Through an editorially supportive position for Latvians as a community (after WW1 the newspaper published ‘free’ ads for refugees looking for their dispersed relatives, had many Latvian former Herrnhuters as editors, and greatly furthered literacy among the Latvian people by publishing popular novels) and fortunate turns, the newspaper “Jaunākās Ziņas” (Latest News) became very profitable and made grandfather (editor-in-chief) and his partner one of Latvia’s first millionaires. In its heydays, the newspaper was a de facto bond for Latvians: though its maximum circulation (weekends) reached only two hundred thousand, the newspaper was read by up to five people, which brought to it virtually every Latvian.

Nevertheless, the long-term destructive forces borne of Enlightenment (and hope that Reason was reasonable) and Capitalism were continuing with their destruction of society out of sight, so to say.

‘Reason’ had dictated the founders of the Latvian state to trust that ‘reason’ would dictate every man and woman to come to basically the same reasonable conclusions.

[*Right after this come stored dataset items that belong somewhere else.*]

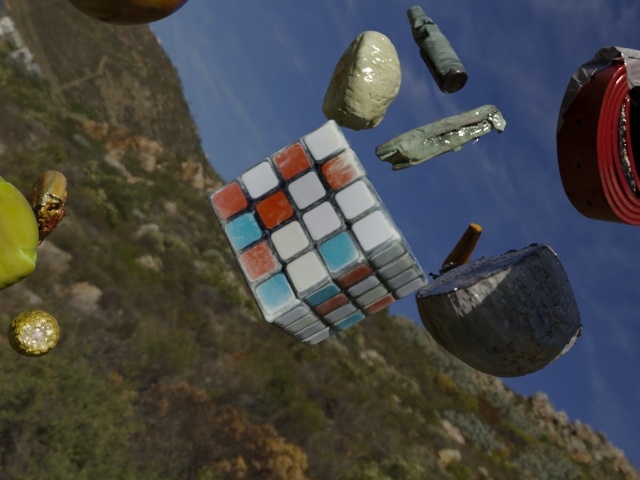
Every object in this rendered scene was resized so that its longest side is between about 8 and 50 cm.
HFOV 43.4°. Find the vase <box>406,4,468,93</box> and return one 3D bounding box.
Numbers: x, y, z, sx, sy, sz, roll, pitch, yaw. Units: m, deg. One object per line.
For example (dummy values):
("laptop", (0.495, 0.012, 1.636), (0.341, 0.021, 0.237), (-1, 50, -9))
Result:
("vase", (0.214, -0.373, 1.539), (0.060, 0.060, 0.211), (87, -16, -57))

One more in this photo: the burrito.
("burrito", (0.273, -0.237, 1.841), (0.096, 0.309, 0.066), (-114, -174, -48))

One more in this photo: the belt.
("belt", (0.551, -0.192, 1.473), (0.115, 0.227, 0.323), (17, -65, 61))

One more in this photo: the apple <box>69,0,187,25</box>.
("apple", (-0.283, -0.436, 1.177), (0.237, 0.207, 0.237), (21, -48, 25))

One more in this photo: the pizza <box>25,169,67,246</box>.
("pizza", (-0.637, -0.050, 1.826), (0.081, 0.228, 0.289), (32, -11, -25))

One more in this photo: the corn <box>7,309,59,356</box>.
("corn", (-0.574, 0.187, 1.609), (0.101, 0.101, 0.310), (68, -17, -3))

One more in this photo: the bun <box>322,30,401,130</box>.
("bun", (0.108, -0.367, 1.915), (0.244, 0.153, 0.243), (-161, -90, -79))

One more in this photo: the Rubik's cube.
("Rubik's cube", (0.000, -0.001, 1.367), (0.256, 0.253, 0.259), (62, 7, 24))

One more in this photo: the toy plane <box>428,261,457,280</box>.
("toy plane", (0.272, 0.104, 1.753), (0.082, 0.160, 0.234), (22, -26, -2))

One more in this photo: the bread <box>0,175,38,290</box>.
("bread", (-0.500, 0.034, 0.867), (0.166, 0.384, 0.112), (59, -12, 26))

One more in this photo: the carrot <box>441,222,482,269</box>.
("carrot", (0.336, 0.028, 1.907), (0.055, 0.055, 0.161), (59, -40, 34))

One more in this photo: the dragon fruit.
("dragon fruit", (0.307, 0.147, 1.441), (0.221, 0.204, 0.283), (61, -24, -5))
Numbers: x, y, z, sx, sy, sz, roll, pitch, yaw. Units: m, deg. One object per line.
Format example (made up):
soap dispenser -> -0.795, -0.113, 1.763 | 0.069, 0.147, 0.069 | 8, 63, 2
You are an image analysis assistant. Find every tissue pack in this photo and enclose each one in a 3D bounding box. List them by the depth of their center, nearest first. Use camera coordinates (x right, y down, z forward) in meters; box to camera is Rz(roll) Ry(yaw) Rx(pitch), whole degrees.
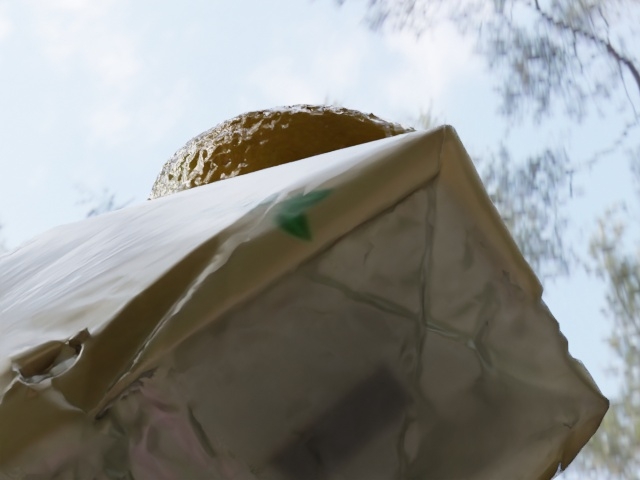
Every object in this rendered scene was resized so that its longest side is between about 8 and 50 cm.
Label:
tissue pack -> -0.069, 0.059, 0.416 | 0.186, 0.222, 0.090 | -35, -78, -24

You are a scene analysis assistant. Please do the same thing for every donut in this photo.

It did not. Instead, reason led to war, and war led to near absolute self-isolation of individuals and disregard of community interests.

The disintegration of the community became first visible in politics and gradually filtered itself to the community. Ulmanis, a politician, with his roots in the war for independence and military contacts, organized a successful coup and prevented the nation from disintegrating and dividing itself between the haves and have-nots. Ulmanis economic policies extended the base of the haves. His interest in the culture of folklore united Latvians in a culture that was based more on the culture prevalent in the countryside than it being overrun by urbanism.

Whether grandfather sympathized with the Ulmanis Regime, I do not know, except that the newspaper had to toe the line delineated by the State Information Minister. As for his wife, Emiliya, she took great pleasure in dressing for and playing the role of the First Lady to a President who was an unmarried single man.